私の農業との最初の出会いは、確か保育園で毎年借りた土地で作った、さつまいもを秋に掘ることだったと思います。私は紅はるかとか甘いお芋が好きなのですが、私が小さい頃は甘いお芋はなく、でも美味しかった覚えが。何でしょうね?青空の中、みんなで囲んでお芋を食べたので、今は甘いお芋が好みでも、景色とかで今の感じ方とは違う美味しさがあったんでしょうね。

小学校に上がったら、日差し防止で、ゴーヤのグリーンカーテンを教室の前で作りました。

大人になってからは2ヵ所目のA型で、農業で工賃を稼ごうとしていた時期があって、ほうれん草の袋詰めや、遠出して収穫した柿を入れる箱折り作業なんかに1回ずつ行きました。スピードも重視の中で、私はとにかく作業が一人だけ遅くて、他の方に迷惑をかけました。

今回記事を書いていて、「農園型障害者雇用」には否定的でも、“農福連携”には肯定的な声が多いことに驚かされました。一般とA型などでは、支援の手厚さとか、任される仕事の内容も違いがありそうですし、意見が割れてしまうのは仕方がないことだと思います。

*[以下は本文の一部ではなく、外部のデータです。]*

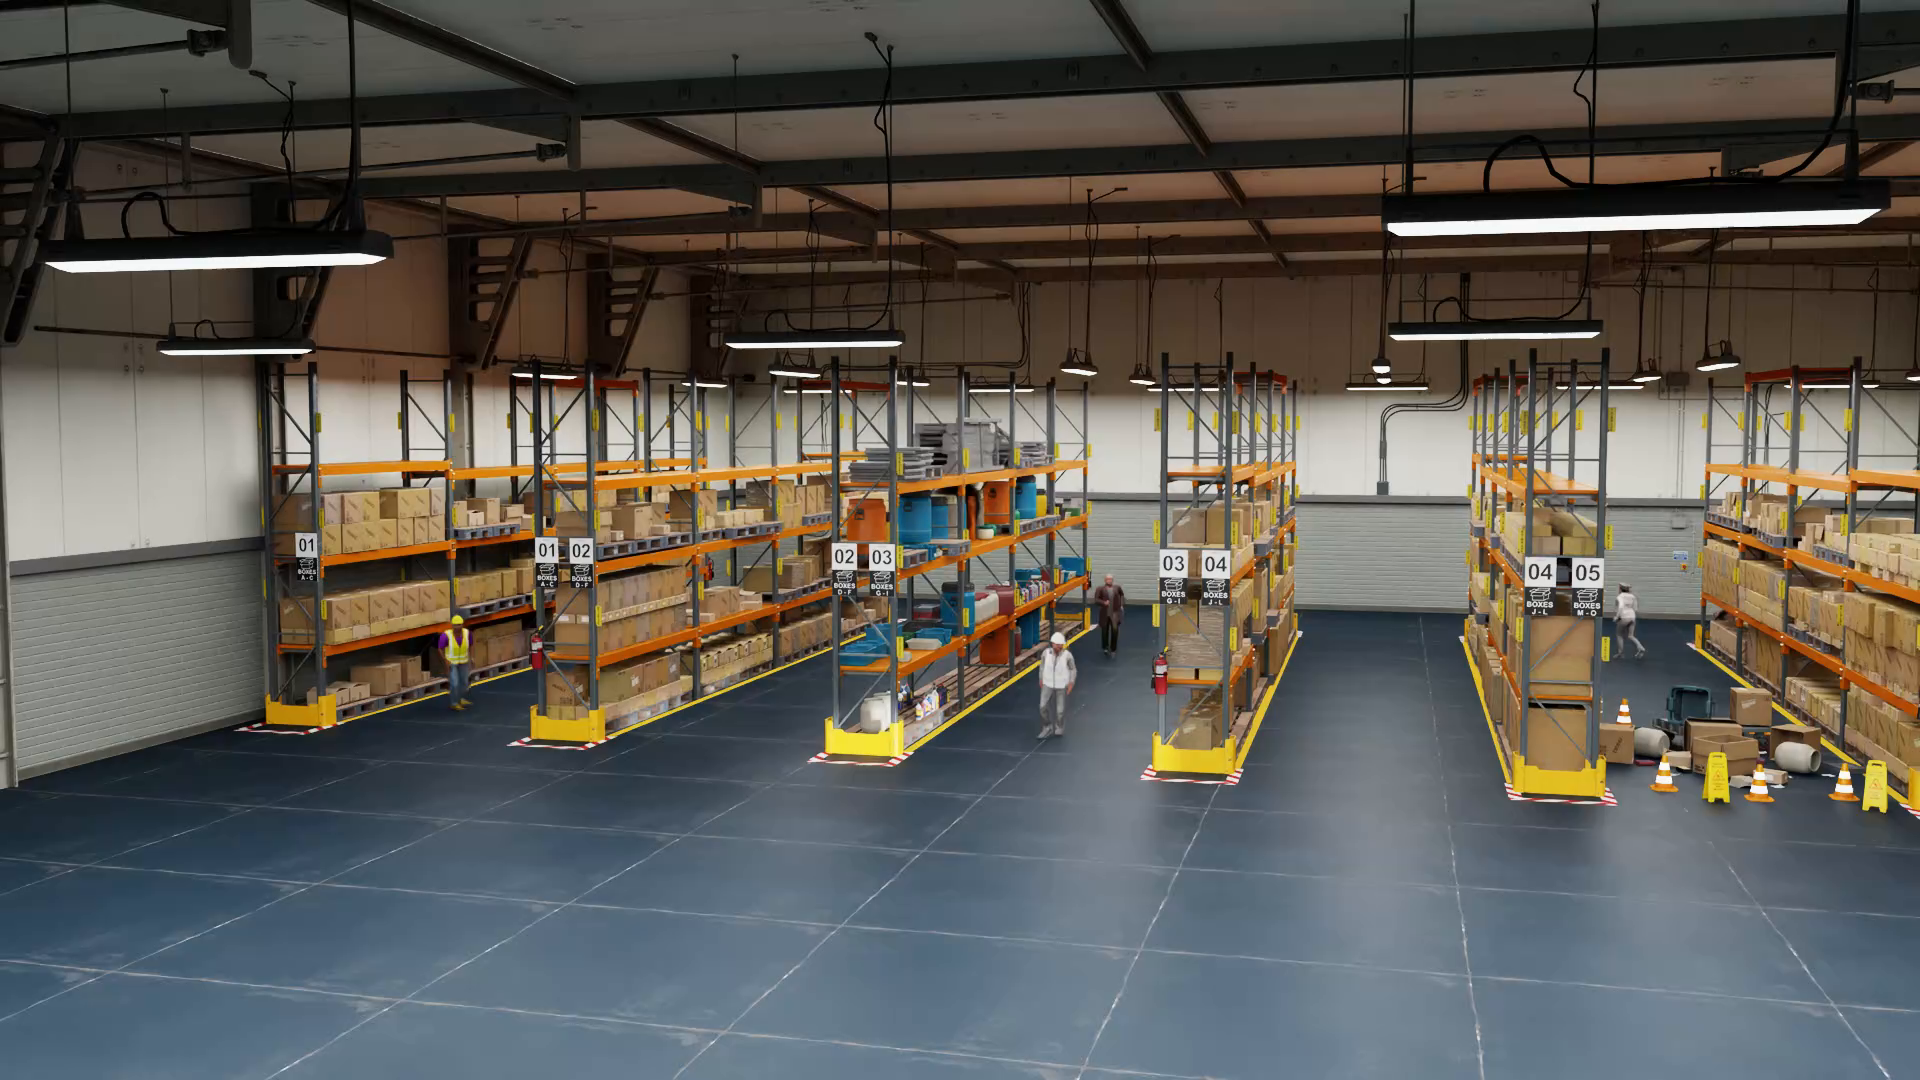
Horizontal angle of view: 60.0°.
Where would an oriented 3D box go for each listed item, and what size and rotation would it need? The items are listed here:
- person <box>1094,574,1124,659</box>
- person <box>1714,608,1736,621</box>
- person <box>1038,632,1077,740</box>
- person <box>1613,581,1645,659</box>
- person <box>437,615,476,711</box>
[{"bbox_3d":[3.183,1.633,35.463,0.679,1.823,0.908,0,4,-1],"label":"person"},{"bbox_3d":[17.516,1.512,37.809,0.642,1.633,0.562,1,4,16],"label":"person"},{"bbox_3d":[1.551,2.297,26.361,0.643,1.719,0.747,1,4,12],"label":"person"},{"bbox_3d":[14.146,1.719,35.132,0.603,1.646,0.816,-1,4,-18],"label":"person"},{"bbox_3d":[-8.784,2.132,28.925,0.663,1.696,0.797,-3,5,-40],"label":"person"}]
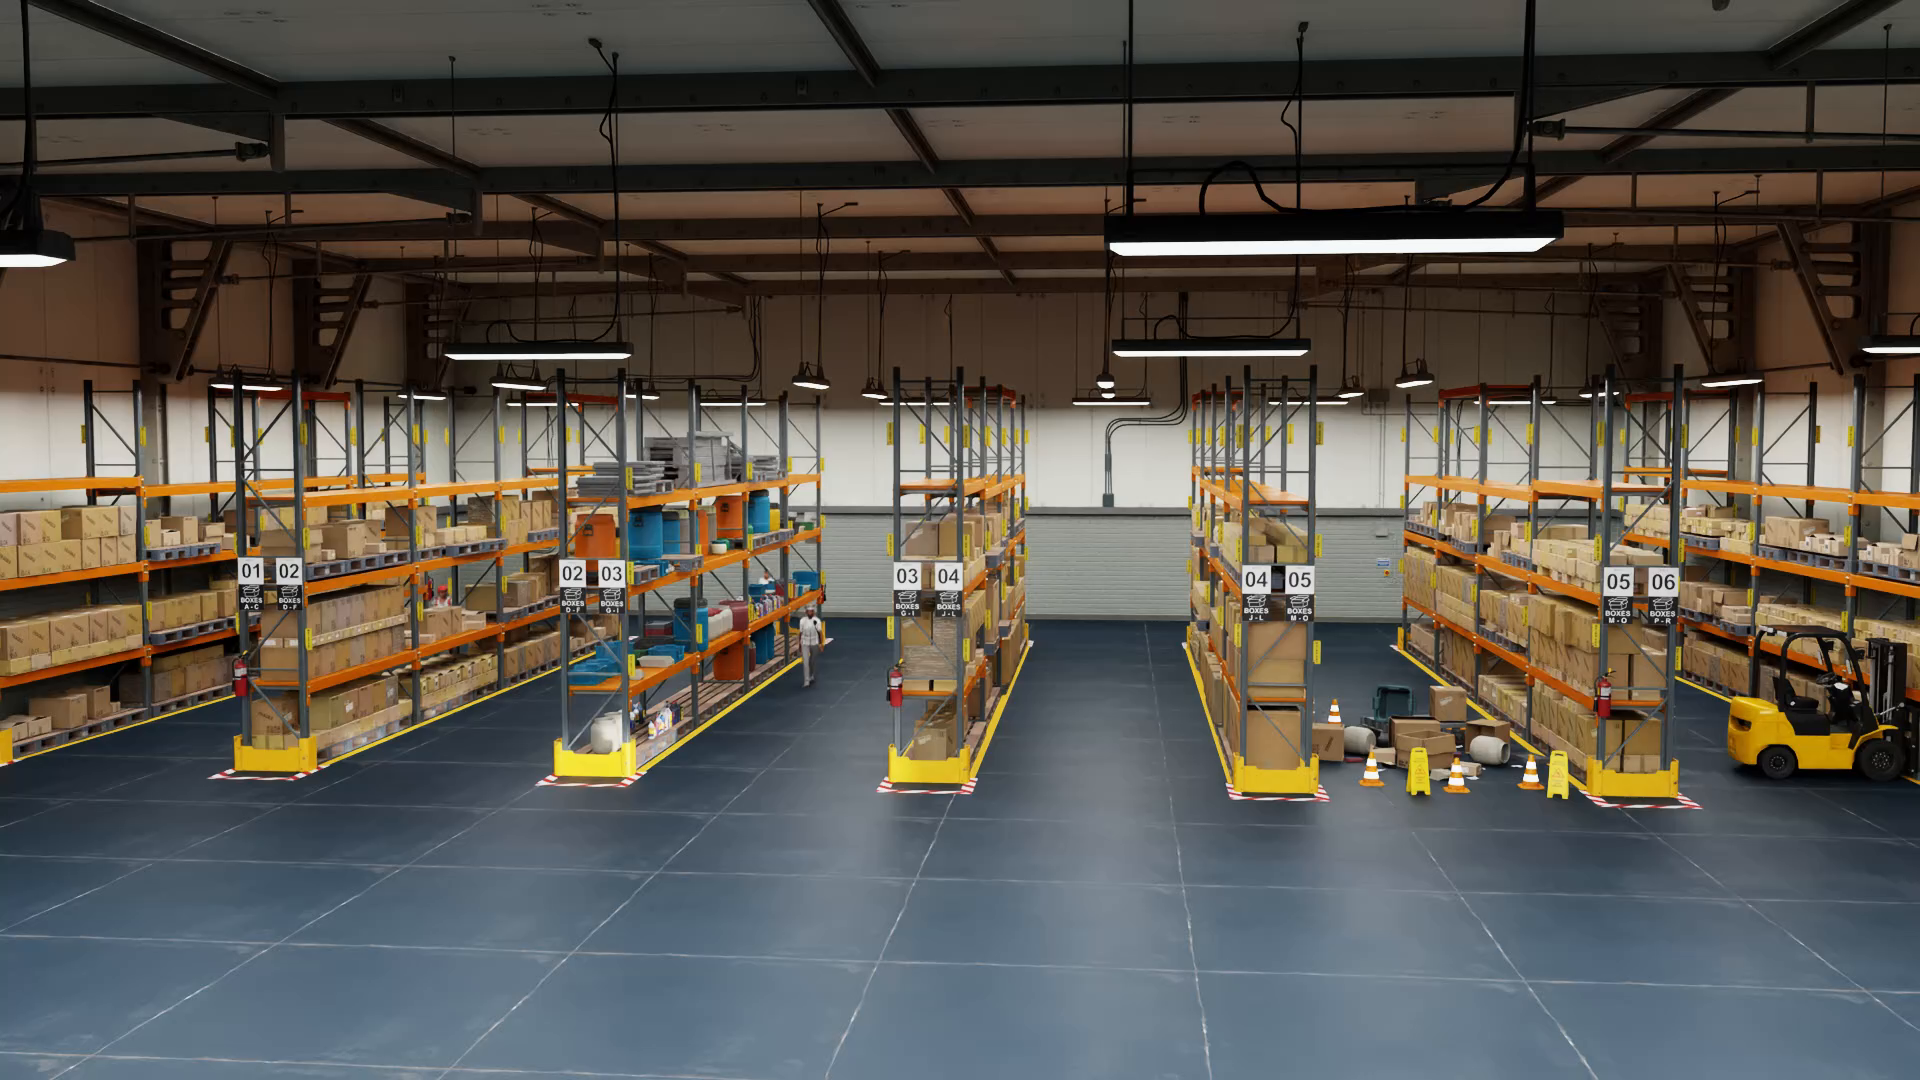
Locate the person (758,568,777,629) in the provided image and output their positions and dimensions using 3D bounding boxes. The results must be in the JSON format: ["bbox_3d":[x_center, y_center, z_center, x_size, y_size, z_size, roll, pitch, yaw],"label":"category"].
[{"bbox_3d":[-4.946,1.530,42.574,0.562,1.623,0.985,1,4,14],"label":"person"}]

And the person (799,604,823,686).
[{"bbox_3d":[-3.001,2.090,33.476,0.479,1.624,1.068,-1,4,-9],"label":"person"}]

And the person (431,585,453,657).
[{"bbox_3d":[-11.316,1.851,36.257,0.655,1.721,1.050,0,4,1],"label":"person"}]

水耕農園はTANOSHIKAを卒業された方で、一般でそちらに就職したって方が多いと聞いていましたし、支援が手厚く、入社希望が多くても、空きがないから現在空き待ちだとも聞いていたので、人気の高さを知っていました。

働く上ではいかに周りの支援や障害に対する理解がいいか、そうじゃないかでそこに働ける長さというものは、私はA型での話ですが身に染みていますし、働くならやっぱり気持ちよく働きたいなと、この記事を書いて改めて確信しました。

美味しそうなトマトのある農園

noteでも書いています。よければ読んでください。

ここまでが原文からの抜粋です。